4. Geometric mean inequality.

The root number ab, called the geometric mean, embodies a geometric relationship, that is, through any point on the diameter of a circle to make a perpendicular line, the diameter is separated by two parts of a, b, then half of the length of the perpendicular line in the circle is the root number ab, and (a+b) 2 root number ab!This is what it means geometrically, and why it is called a geometric mean.

The arithmetic-geometric mean inequality, abbreviated as arithmetic inequality, is a common and fundamental inequality that expresses a constant inequality between the arithmetic mean and the geometric mean.

5. Young's inequality.

Young's inequality is also known as Young's inequality, which is a special case of weighted arithmetic mean inequalities, and Young's inequality is a quick way to prove Holder's inequality.

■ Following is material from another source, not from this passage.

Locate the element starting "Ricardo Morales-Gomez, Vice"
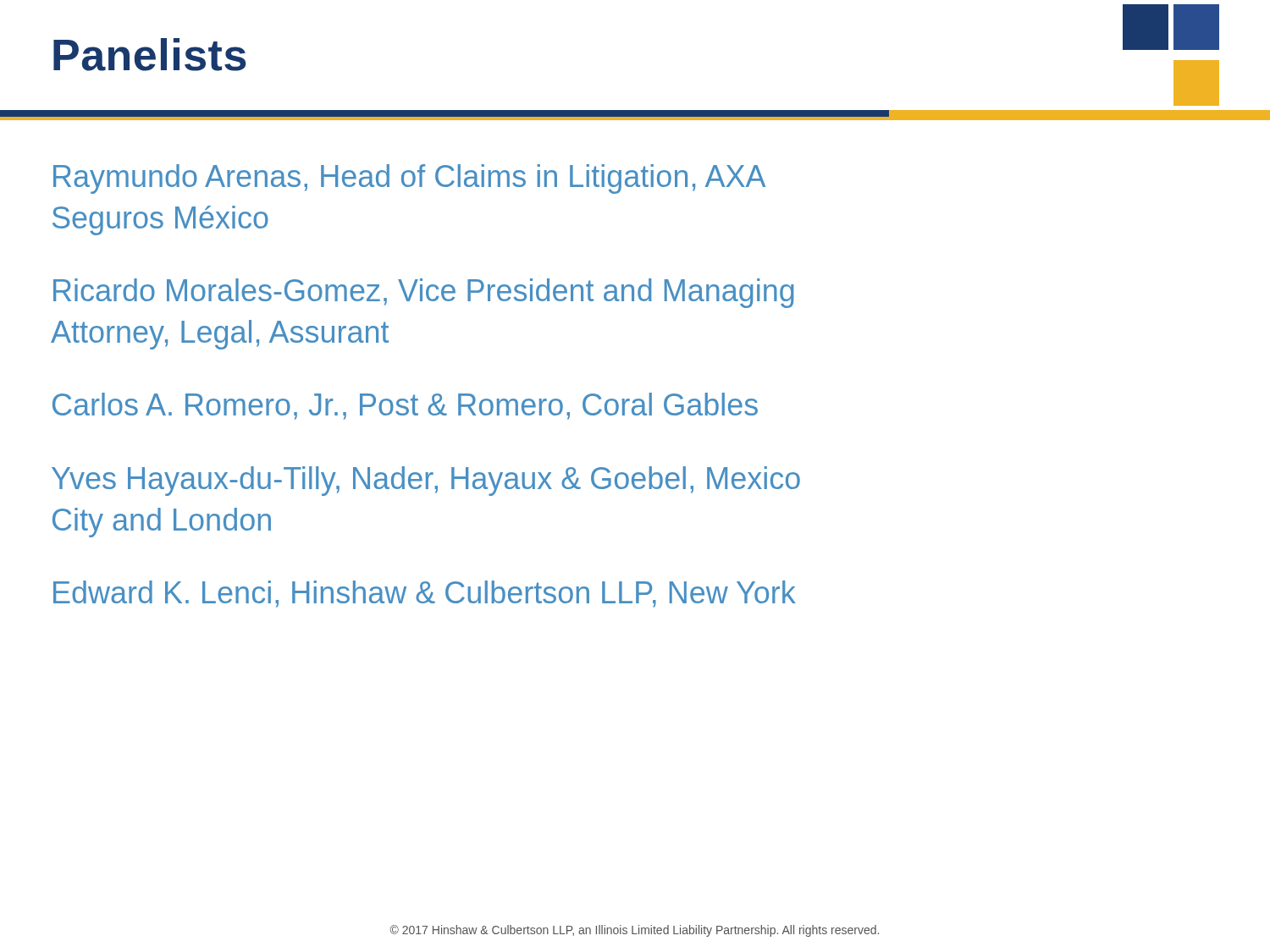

Methods of proving inequalities: there are comparative methods, synthesis methods, analytical methods, deflation methods, mathematical induction methods, counterproof methods, commutation methods, construction methods, etc.

1. Difference comparison method: according to a-b>0 a>b, if you want to prove a>b, you only need to prove a-b>0.

2. Element exchange method: The purpose of element exchange is to reduce the number of variables in the inequality, so as to make the problem difficult and simple.

3. Comparison of business quotients: according to a b=1, when b > 0, a>b is obtained; When b>0, to prove a>b, you only need to prove ab>1;While.

b 0, a b.

4. Comprehensive method: cause leads to effect. When proving an inequality, the inequality to be proved is deduced by using the properties of the inequality and the appropriate deformation from the known inequality and the conditions of the problem. Legitimacy is also known as the method of inference or the method of cause and effect.

The proof methods include comparative method, synthesis method, analysis method, deflation method, mathematical induction method, counterproof method, commutation method, construction method, etc.

Difference comparison method: according to a-b>0 a>b, to prove a>b, only a-b>0 is required. Swap Method: The purpose of swapping is that.

Reduce the number of inequalities to make the problem easier and more complex. Inequality proof is a very important content, in the quantitative relationship, in the analysis of inequality proof problems, looking for ways to solve (proof) problems, advocate the use of comprehensive method and analysis method at the same time, just like digging a cave, from the two ends to the middle, so as to shorten the distance between the condition and the conclusion.

Inequality proof method:

Comparative method: Differential comparison method: according to a-b>0 a>b, if you want to prove a>b, you only need to prove a-b>0;Comparative Approach to Trading:

According to a b=1, when b > 0, a>b is obtained; When b>0, to prove a>b, you only need to prove ab>1;When b<0, we get a<>

The synthesis method is a method of proving that leads to cause and effect. When using the comprehensive method to prove the inequality, we should pay attention to observing the structural characteristics of the inequality and choose the appropriate formula as the basis, among which the mean inequality is the most commonly used, the proof method uses the ternary mean inequality to prove once or twice, and the second method mainly uses the property proof of the inequality.